В своем «Путешествии в Марокко» (1792) Потоцкий вступает в спор с политическими доктринами Ш.-Л. Монтескье о разных системах власти: «Легко сказать, что такое-то правление деспотическое, аристократическое либо демократическое; до сих пор эти три определения были весьма удобны для ленивых умов, беда лишь в том, что они ничего не выяс няют для читателя. Подобно тому как нет никакого сходства, например, между правлением в Польше и кантональной властью в Берне, хотя оба они аристократические, нет его также между афинской демократией и демократическим правлением в кантоне Унтервальдеи». Потоцкий отказывается от универсальных концепций человеческого прогресса, которые не выдерживают сопоставления с реальной действительностью. Приводя мнение К.-А. Гельвеция о скуке, в которой французский философ видел одно из свидетельств прогресса, — разум, привыкший к усилиям и постоянному труду, не терпит перерывов, — Потоцкий возражал: не чрезмерно ли Гельвеций обобщил свои наблюдения? В Азии, Африке, у американских индейцев нет понятия скуки. То, что европейцу кажется признаком лени, в действительности — свидетельство близости к природе, естественных чувств (разумеется, ничего общего не имеющих с рассуждениями Ж.-Ж. Руссо о «естественном человеке»). Во время неудавшейся поездки в Китай Потоцкий убеждал возглавлявшего посольство графа Головкина считаться с обычаями и церемониями, принятыми при дворе китайского императора и весьма далекими от европейских представлений о достоинстве человека. Знание обычаев народа, по мнению Потоцкого, не менее важно, чем знание его языка.

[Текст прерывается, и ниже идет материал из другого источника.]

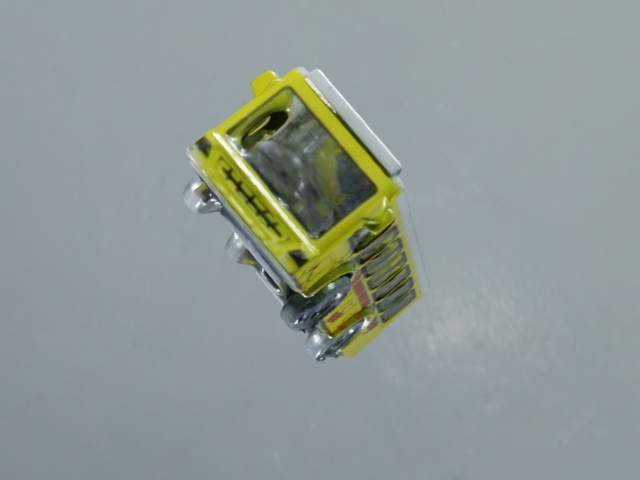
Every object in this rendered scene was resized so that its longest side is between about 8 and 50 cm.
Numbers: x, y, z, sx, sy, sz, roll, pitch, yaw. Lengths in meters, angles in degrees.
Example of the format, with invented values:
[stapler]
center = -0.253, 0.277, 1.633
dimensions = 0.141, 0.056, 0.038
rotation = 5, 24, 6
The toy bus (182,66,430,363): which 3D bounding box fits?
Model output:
[toy bus]
center = 0.000, 0.000, 0.803
dimensions = 0.074, 0.226, 0.081
rotation = -38, 75, -3

Своеобразие афро-азиатских культур перестало быть в глазах польского ученого отклонением от нормы или искажением «естественных», «вечных» форм прогресса. Универсальному единству, основанному на просветительском представлении о неизменной природе человека, было противопоставлено историческое единство человечества, состоящего из разнообразных и равноправных культур. Стремясь преодолеть просветительские представления о европейской модели всеобщего прогресса, Потоцкий в то же время рассматривал европейский мир как законного наследника афро-азиатских цивилизаций. Он широко раздвинул границы исторической науки, включая в сферу своих изучений, помимо античности, Древний Египет, Китай, великие миграции народов. Он мечтал о создании всемирной хронологии, пытливо вглядывался в тайны египетских письмен еще до открытий Ж.-Ф. Шампольона, собирал материалы для первой истории Марокканского королевства, интересовался тюркским и арабским миром.

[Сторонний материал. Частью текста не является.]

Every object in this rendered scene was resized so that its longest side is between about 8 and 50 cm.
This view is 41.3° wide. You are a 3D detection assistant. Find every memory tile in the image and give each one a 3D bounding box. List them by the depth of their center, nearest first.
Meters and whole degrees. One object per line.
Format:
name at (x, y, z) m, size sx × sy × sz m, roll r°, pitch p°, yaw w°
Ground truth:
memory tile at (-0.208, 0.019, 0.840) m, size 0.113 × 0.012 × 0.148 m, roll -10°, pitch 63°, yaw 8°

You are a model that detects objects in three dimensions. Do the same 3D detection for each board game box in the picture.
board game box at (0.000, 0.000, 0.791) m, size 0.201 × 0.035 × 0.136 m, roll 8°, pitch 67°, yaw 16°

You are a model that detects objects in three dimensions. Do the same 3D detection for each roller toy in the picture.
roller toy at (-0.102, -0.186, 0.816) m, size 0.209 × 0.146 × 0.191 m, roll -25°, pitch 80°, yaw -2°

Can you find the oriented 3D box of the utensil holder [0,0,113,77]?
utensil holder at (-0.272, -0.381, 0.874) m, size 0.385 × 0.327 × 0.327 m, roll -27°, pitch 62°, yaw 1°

Конечно, многие свои замыслы Потоцкий не успел осуществить, многие дела, о которых говорилось выше, не получили должного развития в его научных трудах. Но само выдвижение этих проблем весьма характерно для понимания процессов рождения историзма в европейской культуре конца XVIII — начала XIX века. Наибольший интерес в этой связи представляют исследования Потоцкого, посвященные славянству, древнейшим эпохам его существования, роли славянских народов в истории человечества. Ему принадлежит заслуга основателя научного славяноведения. Его тезис «Прошлое можно понять, только обдумывая настоящее» заметно отличался от тогдашнего состояния исторической методологии и открывал самые широкие возможности в обращении к традициям устного народного творчества, к архаическим формам языка, его этимологии, к народным обычаям, обрядам, уцелевшим памятникам материальной культуры.

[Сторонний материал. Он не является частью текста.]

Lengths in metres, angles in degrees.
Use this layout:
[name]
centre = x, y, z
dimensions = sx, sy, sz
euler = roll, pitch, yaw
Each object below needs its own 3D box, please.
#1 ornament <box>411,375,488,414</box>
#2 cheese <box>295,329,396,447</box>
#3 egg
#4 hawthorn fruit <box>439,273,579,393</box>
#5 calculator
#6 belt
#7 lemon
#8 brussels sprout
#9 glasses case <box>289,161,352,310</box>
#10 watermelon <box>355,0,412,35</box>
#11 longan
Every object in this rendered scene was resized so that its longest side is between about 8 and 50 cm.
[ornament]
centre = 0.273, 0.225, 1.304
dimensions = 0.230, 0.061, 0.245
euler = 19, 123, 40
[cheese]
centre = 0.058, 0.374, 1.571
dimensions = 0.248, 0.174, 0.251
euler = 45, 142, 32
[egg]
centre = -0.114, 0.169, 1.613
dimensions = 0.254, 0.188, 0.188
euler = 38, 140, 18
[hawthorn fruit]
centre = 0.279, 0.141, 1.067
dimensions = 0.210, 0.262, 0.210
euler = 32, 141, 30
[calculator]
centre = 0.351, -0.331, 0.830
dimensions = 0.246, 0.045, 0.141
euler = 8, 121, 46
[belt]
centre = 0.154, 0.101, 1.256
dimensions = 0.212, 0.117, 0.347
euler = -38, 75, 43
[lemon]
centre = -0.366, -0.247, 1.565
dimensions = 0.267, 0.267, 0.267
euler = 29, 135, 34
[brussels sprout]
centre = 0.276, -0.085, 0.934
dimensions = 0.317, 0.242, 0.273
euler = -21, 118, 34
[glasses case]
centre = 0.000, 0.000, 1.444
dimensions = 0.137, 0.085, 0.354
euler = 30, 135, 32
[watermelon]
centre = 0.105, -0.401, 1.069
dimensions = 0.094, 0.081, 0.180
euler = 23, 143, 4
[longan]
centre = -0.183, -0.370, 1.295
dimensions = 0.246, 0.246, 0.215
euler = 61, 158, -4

Обращая внимание на эти особенности Потоцкого, Адам Мицкевич называл его в своих парижских лекциях «самым великим и наиболее глубоким славянским историографом». По мнению польского поэта, задолго до знаменитого немецкого историка Б.-Г. Нибура, искавшего разгадку легенд о Ромуле и Реме у римских торговок, Потоцкий «размышлял в татарских юртах о скифской истории». Он «первый вывел науку из кабинетов, много путешествовал, изучал страны, говорил с людьми, чего ни один исследователь древности не делал до него»{1}
.Не менее важным для развития исторической науки было обращение Потоцкого к Средним векам, которыми, по его словам, «до сих пор все пренебрегали». В отличие от просветительской историографии, отрицавшей значение «варварской эпохи», Потоцкий видел в Средних веках исторически необходимый этап развития, соединяющий древность с Новым временем. Воодушевленный этой идеей, он проделал громадную источниковедческую работу в области изучения славянского Средневековья. Этот более чем скромный автор имел все основания писать в предисловии к своему исследованию «Хроники, мемуары и разыскания, полезные для изучения истории всех славянских народов» (1793): «Сборник, который я предлагаю вниманию читателей, можно расценить как открытие нового исторического мира: факты, из коих он составлен, относятся к истории всех славянских народов и почерпнуты из авторов, в большинстве теперь забытых». Продолжением этой работы явился четырехтомный труд Потоцкого, сохранивший свое историковедческое значение до наших дней: «Исторические и географические материалы о Скифии, Сарматии и Славянах» (1798).